§ **Items from a data source**:
______

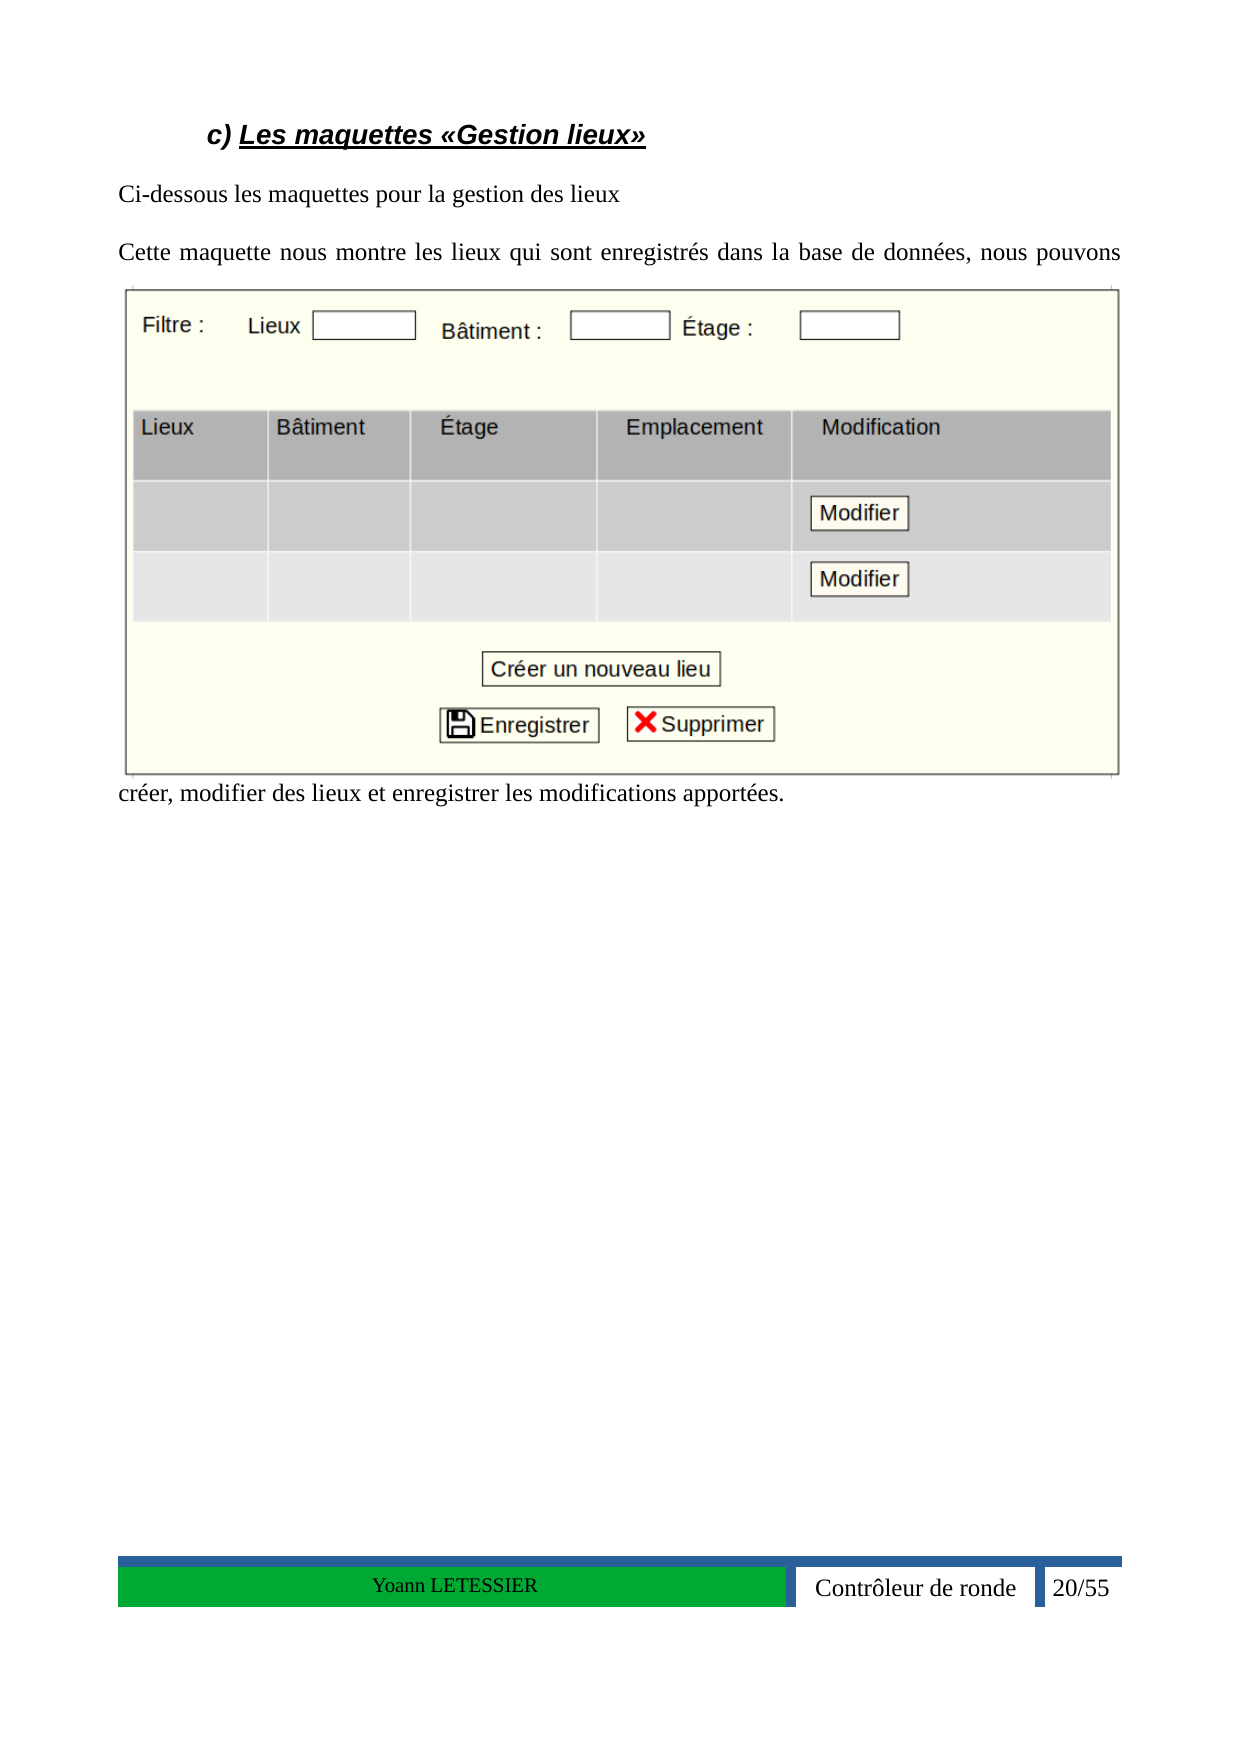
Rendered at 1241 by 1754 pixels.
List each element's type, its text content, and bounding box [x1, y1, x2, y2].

subtitle Les maquettes «Gestion lieux» [118, 118, 1122, 150]
text créer, modifier des lieux et enregistrer les modifications apportées. [118, 779, 1122, 807]
text Ci-dessous les maquettes pour la gestion des lieux [118, 179, 1122, 208]
picture [118, 285, 1123, 779]
text Cette maquette nous montre les lieux qui sont enregistrés dans la base de données, nous pouvons [118, 237, 1122, 285]

______

§ **INSTRUCTIONS FOR THE TASK**:
A verbatim copy of the data, with all pictures omitted, is the required output.

§ **EXERCISE OUTPUT**:
Rendered at 1241 by 1754 pixels.
List each element's type, its text content, and bounding box [x1, y1, x2, y2].

subtitle Les maquettes «Gestion lieux» [118, 118, 1122, 150]
text créer, modifier des lieux et enregistrer les modifications apportées. [118, 779, 1122, 807]
text Ci-dessous les maquettes pour la gestion des lieux [118, 179, 1122, 208]
picture [118, 285, 1123, 779]
text Cette maquette nous montre les lieux qui sont enregistrés dans la base de données, nous pouvons [118, 237, 1122, 285]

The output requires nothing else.